Hürthle cell papillary thyroid carcinoma (HCPTC) has been studied separately from other types of thyroid carcinoma in relatively few studies. The aim of our study was to determine the factors associated with the survival of patients with HCPTC in Slovenia, an iodine-deficient region. A total of 1552 patients with thyroid carcinoma were seen at our institute during the period of 1976-2003; of them, 42 patients (33 females, 9 males; age 10-85 years, median 56.5 years) had histopathologically verified HCPTC. The data on the patients' gender, age, disease history, extent of disease, morphologic characteristics, therapy, locoregional control, disease-free interval, and survival were collected. The statistical correlation between possible prognostic factors and the disease-free interval and survival was analyzed by chi2 test and log rank analysis. The tumor diameter ranged from 1 to 9 cm (median, 3 cm). Extrathyroid tumor growth was found in 19 patients, lymph node metastases in 13 patients, and distant metastases in 2 patients. Primary treatment consisted of total or near-total thyroidectomy (39 patients), lobectomy (2 patients), radioiodine ablation of the thyroid remnant (37 patients), external irradiation (14 patients), and chemotherapy (3 patients). Locoregional recurrence was diagnosed in four patients, and dissemination in 1 patient during the follow-up period of 0.75-20 years (median, 5.5 years). Three patients died of thyroid carcinoma during the follow-up period. The 5-year and 10-year survivals were 94% and 87%, respectively. The 5-year and 10-year disease-free intervals were 93% and 81%, respectively. The factors correlated with the survival were: age, extrathyroid tumor growth, primary tumor stage, and regional and distant metastases. Although extrathyroidal tumor growth was found in 45% of the patients with HCPTC, our patients had a favorable prognosis.
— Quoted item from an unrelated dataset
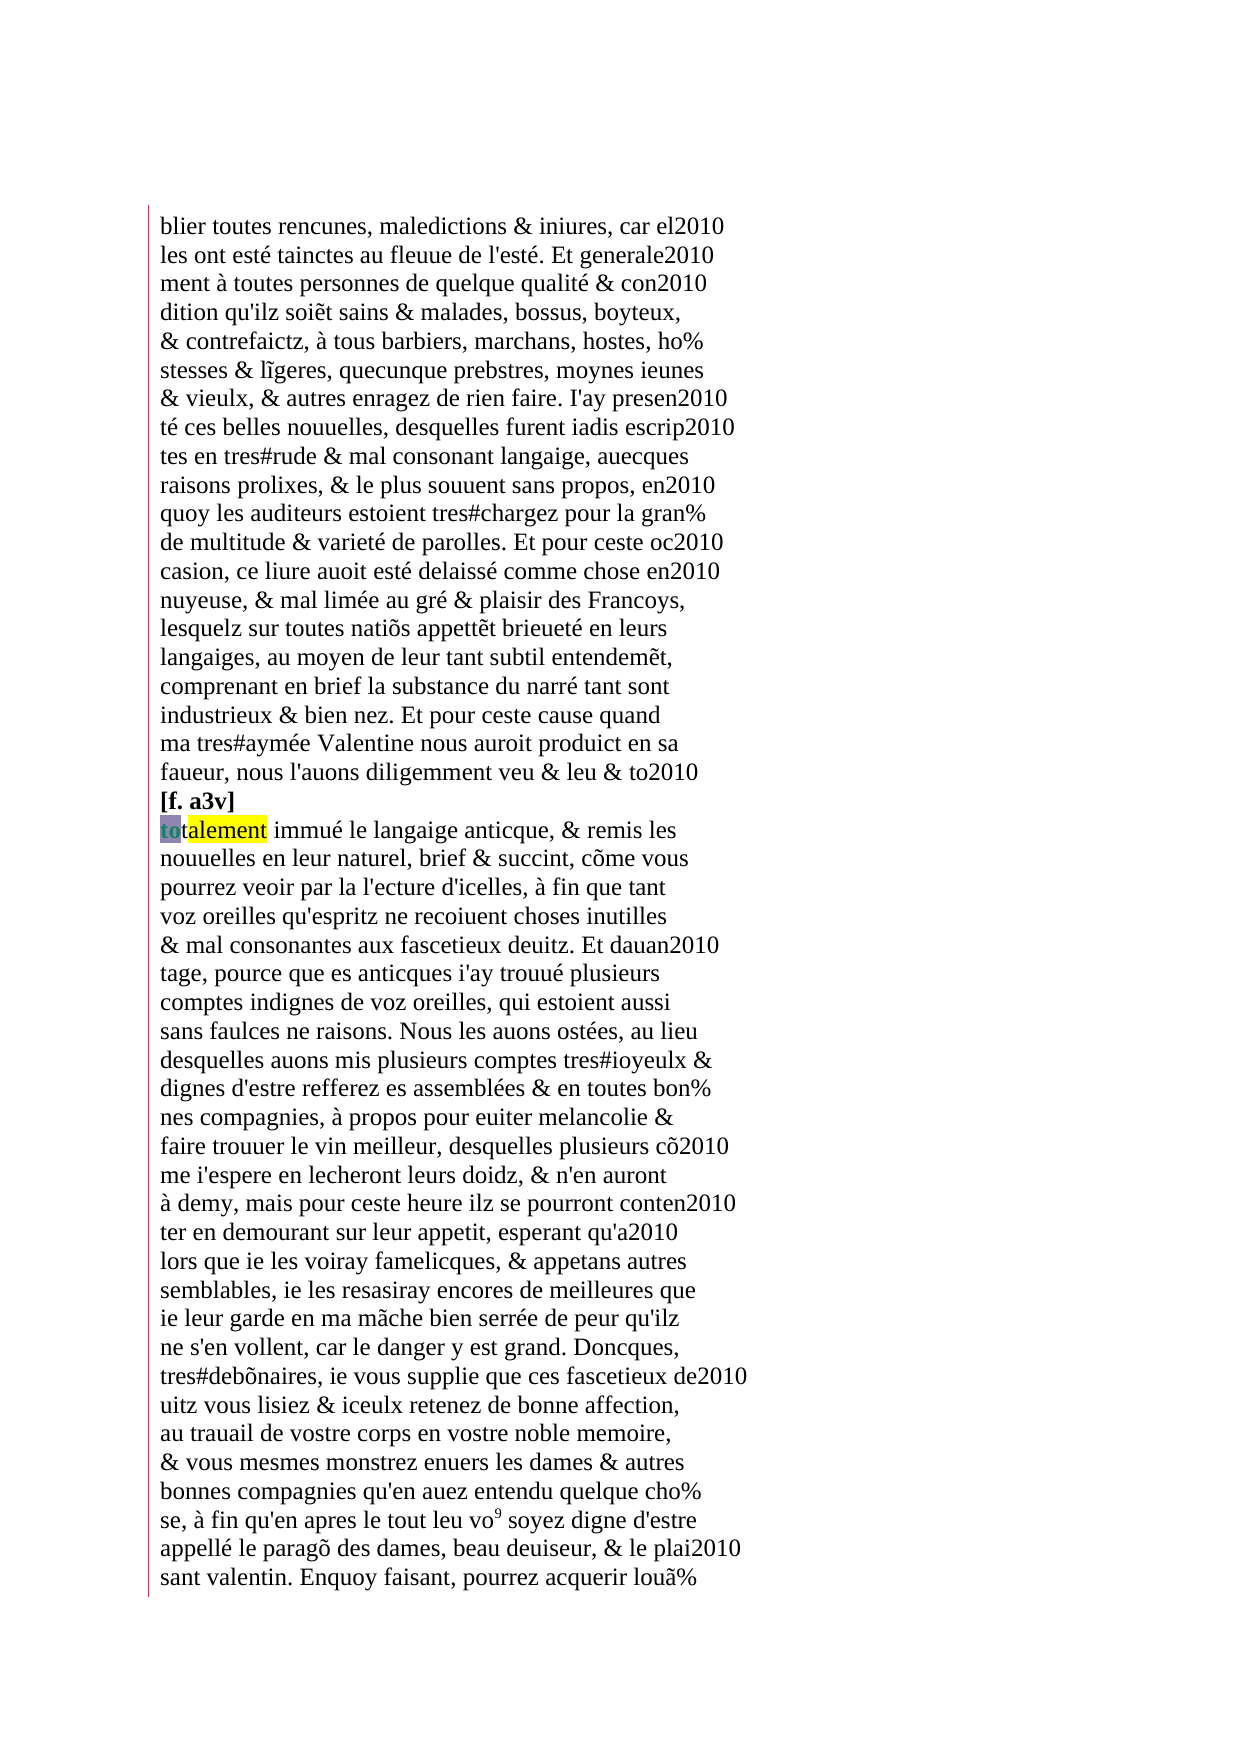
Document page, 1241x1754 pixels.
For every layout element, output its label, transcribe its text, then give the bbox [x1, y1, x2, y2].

text blier toutes rencunes, maledictions & iniures, car el2010 les ont esté tainctes au fleuue de l'esté. Et generale2010 ment à toutes personnes de quelque qualité & con2010 dition qu'ilz soiẽt sains & malades, bossus, boyteux, & contrefaictz, à tous barbiers, marchans, hostes, ho% stesses & lĩgeres, quecunque prebstres, moynes ieunes & vieulx, & autres enragez de rien faire. I'ay presen2010 té ces belles nouuelles, desquelles furent iadis escrip2010 tes en tres#rude & mal consonant langaige, auecques raisons prolixes, & le plus souuent sans propos, en2010 quoy les auditeurs estoient tres#chargez pour la gran% de multitude & varieté de parolles. Et pour ceste oc2010 casion, ce liure auoit esté delaissé comme chose en2010 nuyeuse, & mal limée au gré & plaisir des Francoys, lesquelz sur toutes natiõs appettẽt brieueté en leurs langaiges, au moyen de leur tant subtil entendemẽt, comprenant en brief la substance du narré tant sont industrieux & bien nez. Et pour ceste cause quand ma tres#aymée Valentine nous auroit produict en sa faueur, nous l'auons diligemment veu & leu & to2010 [f. a3v] totalement immué le langaige anticque, & remis les nouuelles en leur naturel, brief & succint, cõme vous pourrez veoir par la l'ecture d'icelles, à fin que tant voz oreilles qu'espritz ne recoiuent choses inutilles & mal consonantes aux fascetieux deuitz. Et dauan2010 tage, pource que es anticques i'ay trouué plusieurs comptes indignes de voz oreilles, qui estoient aussi sans faulces ne raisons. Nous les auons ostées, au lieu desquelles auons mis plusieurs comptes tres#ioyeulx & dignes d'estre refferez es assemblées & en toutes bon% nes compagnies, à propos pour euiter melancolie & faire trouuer le vin meilleur, desquelles plusieurs cõ2010 me i'espere en lecheront leurs doidz, & n'en auront à demy, mais pour ceste heure ilz se pourront conten2010 ter en demourant sur leur appetit, esperant qu'a2010 lors que ie les voiray famelicques, & appetans autres semblables, ie les resasiray encores de meilleures que ie leur garde en ma mãche bien serrée de peur qu'ilz ne s'en vollent, car le danger y est grand. Doncques, tres#debõnaires, ie vous supplie que ces fascetieux de2010 uitz vous lisiez & iceulx retenez de bonne affection, au trauail de vostre corps en vostre noble memoire, & vous mesmes monstrez enuers les dames & autres bonnes compagnies qu'en auez entendu quelque cho% se, à fin qu'en apres le tout leu vo9 soyez digne d'estre appellé le paragõ des dames, beau deuiseur, & le plai2010 sant valentin. Enquoy faisant, pourrez acquerir louã% [149, 205, 1093, 1597]

Long-term survival and locoregional control of disease are likely after the radical tumor resection, radioiodine ablation of the thyroid remnant, and external irradiation.
在相对较少的研究中,嗜酸性细胞乳头状甲状腺癌(HCPTC)是与其他类型的甲状腺癌分开进行研究的。我们研究的目的是确定在碘缺乏地区斯洛文尼亚,与HCPTC患者生存相关的因素。1976年至2003年期间,我院共诊治了1552例甲状腺癌患者;其中,42例(女性33例,男性9例;年龄10 - 85岁,中位年龄56.5岁)经组织病理学证实为HCPTC。收集了患者的性别、年龄、病史、疾病范围、形态学特征、治疗、局部区域控制、无病间期和生存数据。通过卡方检验和对数秩分析,分析了可能的预后因素与无病间期和生存之间的统计学相关性。肿瘤直径范围为1至9厘米(中位值为3厘米)。19例患者发现甲状腺外肿瘤生长,13例患者有淋巴结转移,2例患者有远处转移。主要治疗包括全甲状腺切除或近全甲状腺切除(39例)、甲状腺叶切除(2例)、甲状腺残余组织放射性碘消融(37例)、外照射(14例)和化疗(3例)。在0.75至20年(中位值为5.5年)的随访期内,4例患者诊断为局部区域复发,1例患者出现播散。随访期间3例患者死于甲状腺癌。5年和10年生存率分别为94%和87%。5年和10年无病间期分别为93%和81%。与生存相关的因素有:年龄、甲状腺外肿瘤生长、原发肿瘤分期以及区域和远处转移。尽管45%的HCPTC患者发现有甲状腺外肿瘤生长,但我们的患者预后良好。在进行根治性肿瘤切除、甲状腺残余组织放射性碘消融和外照射后,疾病有可能实现长期生存和局部区域控制。